EXCERPTS FROM THE PROJECT (source available at https://github.com/codependent/kafka-outbox-pattern)
KStream
const val DEDUP_STORE = "dedup-store"
#EnableBinding(KafkaStreamsProcessor::class)
class FraudKafkaStreamsConfiguration(private val fraudDetectionService: FraudDetectionService) {
#KafkaStreamsStateStore(name = DEDUP_STORE, type = KafkaStreamsStateStoreProperties.StoreType.KEYVALUE)
#StreamListener
#SendTo("output")
fun process(#Input("input") input: KStream<String, TransferEmitted>): KStream<String, TransferEmitted> {
return input
.transform(TransformerSupplier { DeduplicationTransformer() }, DEDUP_STORE)
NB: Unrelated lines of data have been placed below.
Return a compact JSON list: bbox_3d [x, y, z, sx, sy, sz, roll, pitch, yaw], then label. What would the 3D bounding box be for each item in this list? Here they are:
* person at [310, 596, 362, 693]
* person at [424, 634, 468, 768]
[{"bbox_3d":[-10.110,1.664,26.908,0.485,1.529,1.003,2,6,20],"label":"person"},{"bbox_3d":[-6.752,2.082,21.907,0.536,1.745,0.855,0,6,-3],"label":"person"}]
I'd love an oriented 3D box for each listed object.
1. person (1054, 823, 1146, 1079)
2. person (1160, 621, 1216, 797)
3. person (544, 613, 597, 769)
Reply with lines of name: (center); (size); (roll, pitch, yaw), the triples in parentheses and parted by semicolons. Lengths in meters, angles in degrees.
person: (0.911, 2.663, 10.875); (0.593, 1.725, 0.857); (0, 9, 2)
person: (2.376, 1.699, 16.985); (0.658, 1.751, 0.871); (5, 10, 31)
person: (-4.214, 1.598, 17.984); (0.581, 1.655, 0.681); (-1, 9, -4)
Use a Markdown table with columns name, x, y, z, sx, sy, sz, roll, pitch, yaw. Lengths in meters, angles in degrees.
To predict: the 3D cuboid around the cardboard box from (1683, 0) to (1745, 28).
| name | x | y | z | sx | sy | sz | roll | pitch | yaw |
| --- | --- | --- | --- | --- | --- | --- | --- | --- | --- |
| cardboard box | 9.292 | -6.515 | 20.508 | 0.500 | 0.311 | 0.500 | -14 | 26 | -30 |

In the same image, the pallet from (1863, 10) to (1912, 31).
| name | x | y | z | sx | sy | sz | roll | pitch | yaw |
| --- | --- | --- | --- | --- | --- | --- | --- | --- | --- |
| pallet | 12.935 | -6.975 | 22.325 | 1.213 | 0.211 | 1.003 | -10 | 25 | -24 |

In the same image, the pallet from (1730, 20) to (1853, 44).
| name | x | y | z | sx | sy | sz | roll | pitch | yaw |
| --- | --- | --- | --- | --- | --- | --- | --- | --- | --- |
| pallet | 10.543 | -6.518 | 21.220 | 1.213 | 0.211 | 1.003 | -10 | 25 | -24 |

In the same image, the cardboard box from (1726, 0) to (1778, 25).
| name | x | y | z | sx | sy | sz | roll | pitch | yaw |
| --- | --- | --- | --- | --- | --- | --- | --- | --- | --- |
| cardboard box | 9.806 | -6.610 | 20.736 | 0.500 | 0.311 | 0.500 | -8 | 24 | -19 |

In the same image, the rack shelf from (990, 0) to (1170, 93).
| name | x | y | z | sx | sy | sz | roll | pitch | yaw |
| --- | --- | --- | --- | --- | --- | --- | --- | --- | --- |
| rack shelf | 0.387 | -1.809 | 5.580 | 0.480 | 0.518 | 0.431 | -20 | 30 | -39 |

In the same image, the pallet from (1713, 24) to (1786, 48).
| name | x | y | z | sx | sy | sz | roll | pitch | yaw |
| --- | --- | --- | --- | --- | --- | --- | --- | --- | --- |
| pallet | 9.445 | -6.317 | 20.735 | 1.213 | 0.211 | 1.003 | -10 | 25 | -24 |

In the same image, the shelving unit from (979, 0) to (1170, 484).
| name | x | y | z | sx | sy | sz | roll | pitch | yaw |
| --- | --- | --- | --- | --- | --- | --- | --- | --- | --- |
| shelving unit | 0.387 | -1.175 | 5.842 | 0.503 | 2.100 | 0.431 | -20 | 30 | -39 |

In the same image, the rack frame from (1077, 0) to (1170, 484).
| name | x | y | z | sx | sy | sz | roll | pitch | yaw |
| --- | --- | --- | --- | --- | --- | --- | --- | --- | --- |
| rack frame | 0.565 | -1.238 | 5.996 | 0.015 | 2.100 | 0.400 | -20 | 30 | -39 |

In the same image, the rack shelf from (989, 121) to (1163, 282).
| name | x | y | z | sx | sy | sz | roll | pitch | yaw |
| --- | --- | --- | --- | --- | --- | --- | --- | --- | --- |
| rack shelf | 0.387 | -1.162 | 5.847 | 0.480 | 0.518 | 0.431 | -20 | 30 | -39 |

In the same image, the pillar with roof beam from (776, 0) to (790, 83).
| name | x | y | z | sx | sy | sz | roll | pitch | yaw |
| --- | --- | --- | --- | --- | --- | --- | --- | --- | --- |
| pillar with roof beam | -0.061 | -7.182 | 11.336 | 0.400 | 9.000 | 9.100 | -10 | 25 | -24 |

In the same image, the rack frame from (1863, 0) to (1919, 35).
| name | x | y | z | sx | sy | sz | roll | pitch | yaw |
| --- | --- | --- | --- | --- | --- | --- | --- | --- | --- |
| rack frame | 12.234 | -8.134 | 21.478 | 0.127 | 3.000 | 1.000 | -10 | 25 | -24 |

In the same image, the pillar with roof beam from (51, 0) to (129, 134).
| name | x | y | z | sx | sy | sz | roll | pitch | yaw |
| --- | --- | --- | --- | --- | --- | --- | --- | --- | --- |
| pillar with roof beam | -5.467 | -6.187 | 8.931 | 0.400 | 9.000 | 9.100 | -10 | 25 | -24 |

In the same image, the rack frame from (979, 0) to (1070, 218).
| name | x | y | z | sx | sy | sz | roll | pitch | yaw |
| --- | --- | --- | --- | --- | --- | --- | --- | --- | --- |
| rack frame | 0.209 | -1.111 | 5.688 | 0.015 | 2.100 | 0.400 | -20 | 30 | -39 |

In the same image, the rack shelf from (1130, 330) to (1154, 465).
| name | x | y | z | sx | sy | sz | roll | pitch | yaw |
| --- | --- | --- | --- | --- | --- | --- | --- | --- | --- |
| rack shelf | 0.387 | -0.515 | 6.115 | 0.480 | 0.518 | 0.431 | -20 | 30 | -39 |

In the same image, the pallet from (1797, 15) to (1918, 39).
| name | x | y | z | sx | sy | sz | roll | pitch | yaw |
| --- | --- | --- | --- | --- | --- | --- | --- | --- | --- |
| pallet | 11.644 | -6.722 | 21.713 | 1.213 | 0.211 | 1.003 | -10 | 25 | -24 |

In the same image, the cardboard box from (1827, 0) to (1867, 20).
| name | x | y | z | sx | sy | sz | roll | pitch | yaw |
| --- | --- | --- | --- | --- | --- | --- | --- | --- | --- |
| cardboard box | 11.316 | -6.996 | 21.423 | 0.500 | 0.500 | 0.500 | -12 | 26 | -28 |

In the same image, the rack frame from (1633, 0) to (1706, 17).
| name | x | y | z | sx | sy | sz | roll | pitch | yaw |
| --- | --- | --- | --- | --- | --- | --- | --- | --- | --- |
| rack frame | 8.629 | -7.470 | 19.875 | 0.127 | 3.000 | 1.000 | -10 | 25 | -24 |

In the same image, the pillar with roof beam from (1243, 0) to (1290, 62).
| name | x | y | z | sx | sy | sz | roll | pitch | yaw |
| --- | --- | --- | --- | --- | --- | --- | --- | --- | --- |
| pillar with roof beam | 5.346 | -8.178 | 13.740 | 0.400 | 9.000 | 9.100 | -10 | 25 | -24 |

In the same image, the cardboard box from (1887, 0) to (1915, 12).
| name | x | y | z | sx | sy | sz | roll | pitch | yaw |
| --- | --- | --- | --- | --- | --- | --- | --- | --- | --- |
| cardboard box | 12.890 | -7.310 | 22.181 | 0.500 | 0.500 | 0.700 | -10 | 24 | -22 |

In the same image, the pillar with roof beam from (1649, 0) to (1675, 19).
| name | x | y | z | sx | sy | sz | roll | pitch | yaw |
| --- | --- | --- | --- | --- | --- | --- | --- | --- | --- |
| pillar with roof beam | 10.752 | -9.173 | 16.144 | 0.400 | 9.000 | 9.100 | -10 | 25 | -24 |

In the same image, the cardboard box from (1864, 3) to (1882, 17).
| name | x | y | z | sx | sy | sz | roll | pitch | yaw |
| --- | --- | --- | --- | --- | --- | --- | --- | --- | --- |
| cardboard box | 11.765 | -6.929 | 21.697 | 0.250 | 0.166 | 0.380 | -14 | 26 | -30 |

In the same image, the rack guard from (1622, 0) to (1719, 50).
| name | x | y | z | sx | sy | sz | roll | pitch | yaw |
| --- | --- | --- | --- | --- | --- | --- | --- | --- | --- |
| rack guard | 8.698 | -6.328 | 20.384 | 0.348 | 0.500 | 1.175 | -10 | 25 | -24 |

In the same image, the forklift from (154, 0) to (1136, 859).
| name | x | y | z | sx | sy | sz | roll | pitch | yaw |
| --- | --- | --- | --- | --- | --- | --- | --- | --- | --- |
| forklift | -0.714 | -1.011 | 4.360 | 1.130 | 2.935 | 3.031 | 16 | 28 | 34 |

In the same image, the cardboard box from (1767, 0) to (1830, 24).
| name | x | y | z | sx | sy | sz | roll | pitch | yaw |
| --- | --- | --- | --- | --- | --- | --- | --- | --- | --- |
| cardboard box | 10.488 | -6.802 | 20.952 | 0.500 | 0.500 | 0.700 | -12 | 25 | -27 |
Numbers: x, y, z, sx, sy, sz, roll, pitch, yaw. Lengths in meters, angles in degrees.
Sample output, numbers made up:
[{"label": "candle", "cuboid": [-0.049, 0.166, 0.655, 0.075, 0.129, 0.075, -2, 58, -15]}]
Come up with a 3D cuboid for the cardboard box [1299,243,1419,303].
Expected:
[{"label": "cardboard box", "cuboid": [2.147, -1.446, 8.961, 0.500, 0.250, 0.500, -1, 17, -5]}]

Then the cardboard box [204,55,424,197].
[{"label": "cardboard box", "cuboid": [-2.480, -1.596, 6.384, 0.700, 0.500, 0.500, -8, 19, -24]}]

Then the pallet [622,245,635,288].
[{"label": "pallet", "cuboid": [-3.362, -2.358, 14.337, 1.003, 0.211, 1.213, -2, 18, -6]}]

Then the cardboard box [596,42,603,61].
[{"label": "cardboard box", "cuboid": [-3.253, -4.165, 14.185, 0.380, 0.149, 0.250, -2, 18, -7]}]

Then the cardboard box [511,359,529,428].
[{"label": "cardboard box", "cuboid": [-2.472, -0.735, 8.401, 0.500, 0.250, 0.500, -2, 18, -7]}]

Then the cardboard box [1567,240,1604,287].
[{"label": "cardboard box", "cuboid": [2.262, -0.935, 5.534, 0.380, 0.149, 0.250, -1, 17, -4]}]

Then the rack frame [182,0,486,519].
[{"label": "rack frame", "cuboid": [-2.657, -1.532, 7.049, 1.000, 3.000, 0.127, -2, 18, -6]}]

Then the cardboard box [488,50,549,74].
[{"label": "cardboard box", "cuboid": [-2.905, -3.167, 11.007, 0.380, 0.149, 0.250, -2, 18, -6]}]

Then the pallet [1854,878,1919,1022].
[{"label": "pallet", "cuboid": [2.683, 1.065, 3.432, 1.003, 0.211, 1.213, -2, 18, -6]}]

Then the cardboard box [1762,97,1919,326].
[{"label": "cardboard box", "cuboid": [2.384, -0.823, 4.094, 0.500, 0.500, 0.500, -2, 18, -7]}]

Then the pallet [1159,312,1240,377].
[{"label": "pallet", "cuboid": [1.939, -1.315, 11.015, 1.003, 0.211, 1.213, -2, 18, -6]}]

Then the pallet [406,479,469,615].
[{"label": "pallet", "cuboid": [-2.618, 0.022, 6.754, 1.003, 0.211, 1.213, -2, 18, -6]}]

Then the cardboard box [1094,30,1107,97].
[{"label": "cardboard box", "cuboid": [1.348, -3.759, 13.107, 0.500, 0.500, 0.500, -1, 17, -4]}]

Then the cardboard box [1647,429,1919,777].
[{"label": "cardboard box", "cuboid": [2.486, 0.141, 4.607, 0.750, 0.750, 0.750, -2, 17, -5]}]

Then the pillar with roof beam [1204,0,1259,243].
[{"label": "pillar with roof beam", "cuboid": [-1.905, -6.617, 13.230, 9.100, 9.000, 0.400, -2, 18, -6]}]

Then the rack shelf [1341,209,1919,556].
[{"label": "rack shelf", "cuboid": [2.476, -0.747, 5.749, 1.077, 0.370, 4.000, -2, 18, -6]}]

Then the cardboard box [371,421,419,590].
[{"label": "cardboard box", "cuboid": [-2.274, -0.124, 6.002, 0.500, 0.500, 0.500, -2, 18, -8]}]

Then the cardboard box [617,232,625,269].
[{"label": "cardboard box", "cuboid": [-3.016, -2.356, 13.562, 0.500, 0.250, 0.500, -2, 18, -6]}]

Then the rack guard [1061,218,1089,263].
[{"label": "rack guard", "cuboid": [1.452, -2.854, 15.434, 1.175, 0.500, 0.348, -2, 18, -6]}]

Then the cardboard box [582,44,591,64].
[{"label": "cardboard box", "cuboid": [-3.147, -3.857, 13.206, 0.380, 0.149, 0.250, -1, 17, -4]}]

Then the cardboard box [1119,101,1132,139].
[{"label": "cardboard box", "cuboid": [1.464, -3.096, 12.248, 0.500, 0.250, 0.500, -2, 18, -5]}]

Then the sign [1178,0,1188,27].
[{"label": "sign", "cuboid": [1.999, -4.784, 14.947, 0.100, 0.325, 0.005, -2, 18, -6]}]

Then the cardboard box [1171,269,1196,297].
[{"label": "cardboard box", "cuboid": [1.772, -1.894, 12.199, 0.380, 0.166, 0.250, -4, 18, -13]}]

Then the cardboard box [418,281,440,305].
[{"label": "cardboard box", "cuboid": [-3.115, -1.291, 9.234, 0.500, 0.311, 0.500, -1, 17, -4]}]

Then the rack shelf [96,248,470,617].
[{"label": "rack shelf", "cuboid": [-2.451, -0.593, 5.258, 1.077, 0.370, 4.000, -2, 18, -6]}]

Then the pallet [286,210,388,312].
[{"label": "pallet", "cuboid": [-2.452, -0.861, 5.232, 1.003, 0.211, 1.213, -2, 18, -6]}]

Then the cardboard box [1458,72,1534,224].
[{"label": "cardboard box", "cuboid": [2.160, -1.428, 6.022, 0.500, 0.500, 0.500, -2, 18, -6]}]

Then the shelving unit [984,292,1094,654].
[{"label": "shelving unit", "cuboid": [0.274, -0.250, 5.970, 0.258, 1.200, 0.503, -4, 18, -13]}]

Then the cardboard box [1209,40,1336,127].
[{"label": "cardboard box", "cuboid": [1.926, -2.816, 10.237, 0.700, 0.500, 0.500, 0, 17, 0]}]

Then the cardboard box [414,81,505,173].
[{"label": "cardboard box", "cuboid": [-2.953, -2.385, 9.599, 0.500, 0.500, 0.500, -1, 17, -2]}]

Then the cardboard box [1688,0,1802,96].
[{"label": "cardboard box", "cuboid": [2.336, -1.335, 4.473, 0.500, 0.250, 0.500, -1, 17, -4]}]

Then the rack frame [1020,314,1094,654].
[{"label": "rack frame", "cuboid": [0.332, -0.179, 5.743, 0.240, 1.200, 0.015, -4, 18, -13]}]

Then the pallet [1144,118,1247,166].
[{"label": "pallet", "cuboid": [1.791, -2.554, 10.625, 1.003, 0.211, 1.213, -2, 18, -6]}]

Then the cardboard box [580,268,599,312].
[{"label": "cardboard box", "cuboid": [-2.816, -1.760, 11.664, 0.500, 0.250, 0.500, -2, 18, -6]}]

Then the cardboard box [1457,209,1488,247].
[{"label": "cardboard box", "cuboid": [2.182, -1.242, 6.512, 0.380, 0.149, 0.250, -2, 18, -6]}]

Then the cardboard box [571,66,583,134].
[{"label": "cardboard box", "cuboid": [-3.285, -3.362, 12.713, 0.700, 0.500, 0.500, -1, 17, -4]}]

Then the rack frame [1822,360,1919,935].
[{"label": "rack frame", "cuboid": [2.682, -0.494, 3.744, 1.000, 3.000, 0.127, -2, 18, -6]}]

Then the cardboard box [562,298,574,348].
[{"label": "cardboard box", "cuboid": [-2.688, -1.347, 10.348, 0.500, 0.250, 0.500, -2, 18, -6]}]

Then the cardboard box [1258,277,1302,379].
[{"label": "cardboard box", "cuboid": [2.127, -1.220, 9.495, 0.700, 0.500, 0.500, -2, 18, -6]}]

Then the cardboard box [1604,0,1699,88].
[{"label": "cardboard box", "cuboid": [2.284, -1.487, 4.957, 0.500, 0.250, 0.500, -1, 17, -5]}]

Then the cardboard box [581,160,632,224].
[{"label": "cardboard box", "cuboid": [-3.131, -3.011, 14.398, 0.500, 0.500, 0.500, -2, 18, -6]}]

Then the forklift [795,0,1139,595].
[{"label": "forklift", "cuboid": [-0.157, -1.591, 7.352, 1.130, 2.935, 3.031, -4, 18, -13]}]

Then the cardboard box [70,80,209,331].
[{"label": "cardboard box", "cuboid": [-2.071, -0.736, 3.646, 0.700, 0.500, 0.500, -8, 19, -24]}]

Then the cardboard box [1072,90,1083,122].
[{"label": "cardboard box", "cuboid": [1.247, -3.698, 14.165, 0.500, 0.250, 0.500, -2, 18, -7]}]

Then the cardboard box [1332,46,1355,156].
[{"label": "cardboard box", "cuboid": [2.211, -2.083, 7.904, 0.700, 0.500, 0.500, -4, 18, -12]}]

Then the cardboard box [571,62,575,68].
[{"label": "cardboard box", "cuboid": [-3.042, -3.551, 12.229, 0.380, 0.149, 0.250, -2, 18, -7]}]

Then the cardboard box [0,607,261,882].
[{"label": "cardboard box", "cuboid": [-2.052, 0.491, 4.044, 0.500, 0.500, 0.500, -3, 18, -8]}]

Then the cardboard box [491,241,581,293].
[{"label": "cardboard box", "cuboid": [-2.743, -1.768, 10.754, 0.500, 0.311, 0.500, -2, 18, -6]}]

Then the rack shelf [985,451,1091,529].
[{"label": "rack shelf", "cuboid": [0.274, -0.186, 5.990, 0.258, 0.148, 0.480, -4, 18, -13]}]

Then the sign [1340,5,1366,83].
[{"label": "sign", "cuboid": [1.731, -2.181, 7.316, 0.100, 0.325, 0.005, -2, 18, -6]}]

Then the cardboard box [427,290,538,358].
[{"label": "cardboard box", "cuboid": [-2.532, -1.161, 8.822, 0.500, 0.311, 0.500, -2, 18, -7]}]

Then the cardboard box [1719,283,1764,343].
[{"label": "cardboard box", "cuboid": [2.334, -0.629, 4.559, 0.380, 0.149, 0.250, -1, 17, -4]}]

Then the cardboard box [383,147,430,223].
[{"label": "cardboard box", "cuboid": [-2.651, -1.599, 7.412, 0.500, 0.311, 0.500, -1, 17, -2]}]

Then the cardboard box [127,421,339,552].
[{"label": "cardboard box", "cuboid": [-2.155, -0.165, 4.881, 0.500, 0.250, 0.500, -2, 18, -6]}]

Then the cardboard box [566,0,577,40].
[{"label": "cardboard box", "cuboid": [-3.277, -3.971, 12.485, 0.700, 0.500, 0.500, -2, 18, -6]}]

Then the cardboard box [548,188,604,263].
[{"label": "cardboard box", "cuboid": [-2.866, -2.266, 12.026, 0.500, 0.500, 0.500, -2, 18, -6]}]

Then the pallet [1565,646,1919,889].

.filter { _, value -> fraudDetectionService.isFraudulent(value) }
}
}
Transformer
#Suppress("UNCHECKED_CAST")
class DeduplicationTransformer : Transformer<String, TransferEmitted, KeyValue<String, TransferEmitted>> {
private lateinit var dedupStore: KeyValueStore<String, TransferEmitted>
private lateinit var context: ProcessorContext
override fun init(context: ProcessorContext) {
this.context = context
dedupStore = context.getStateStore(DEDUP_STORE) as KeyValueStore<String, TransferEmitted>
}
override fun transform(key: String, value: TransferEmitted): KeyValue<String, TransferEmitted>? {
return if (isDuplicate(key)) {
null
} else {
dedupStore.put(key, value)
KeyValue(key, value)
}
}
private fun isDuplicate(key: String) = dedupStore[key] != null
override fun close() {
}
}
application.yml
spring:
application:
name: fraud-service
cloud:
stream:
schema-registry-client:
endpoint: http://localhost:8081
kafka:
streams:
binder:
configuration:
application:
id: fraud-service
default:
key:
serde: org.apache.kafka.common.serialization.Serdes$StringSerde
schema:
registry:
url: http://localhost:8081
bindings:
input:
destination: transfer
contentType: application/*+avro
output:
destination: fraudulent-transfer
contentType: application/*+avro
server:
port: 8086
logging:
level:
org.springframework.cloud.stream: debug
I ran into the same issue and forgot that schema.registry.url needs to be passed in to make sure that you can store Avro records in your State store.
For eg:
#Bean
public StoreBuilder eventStore(Map<String, String> schemaConfig) {
final Duration windowSize = Duration.ofMinutes(DUPLICATION_WINDOW_DURATION);
// retention period must be at least window size -- for this use case, we don't need a longer retention period
// and thus just use the window size as retention time
final Duration retentionPeriod = windowSize;
// We have to specify schema.registry.url here, otherwise schemaRegistry value will end up null
KafkaAvroSerializer serializer = new KafkaAvroSerializer();
KafkaAvroDeserializer deserializer = new KafkaAvroDeserializer();
serializer.configure(schemaConfig, true);
deserializer.configure(schemaConfig, true);
final StoreBuilder<WindowStore<Object, Long>> dedupStoreBuilder = Stores.windowStoreBuilder(
Stores.persistentWindowStore(STORE_NAME,
retentionPeriod,
windowSize,
false
),
Serdes.serdeFrom(serializer, deserializer),
// timestamp value is long
Serdes.Long());
return dedupStoreBuilder;
}
#Bean
public Map<String, String> schemaConfig(#Value("${spring.cloud.stream.schemaRegistryClient.endpoint}") String url) {
return Collections.singletonMap("schema.registry.url", "http://localhost:8081");
}
Here's the application.yml file:
spring:
cloud:
stream:
schemaRegistryClient:
endpoint: http://localhost:8081
After I did this, I was able to get this Store properly configured and didn't see a NullPointerException anymore.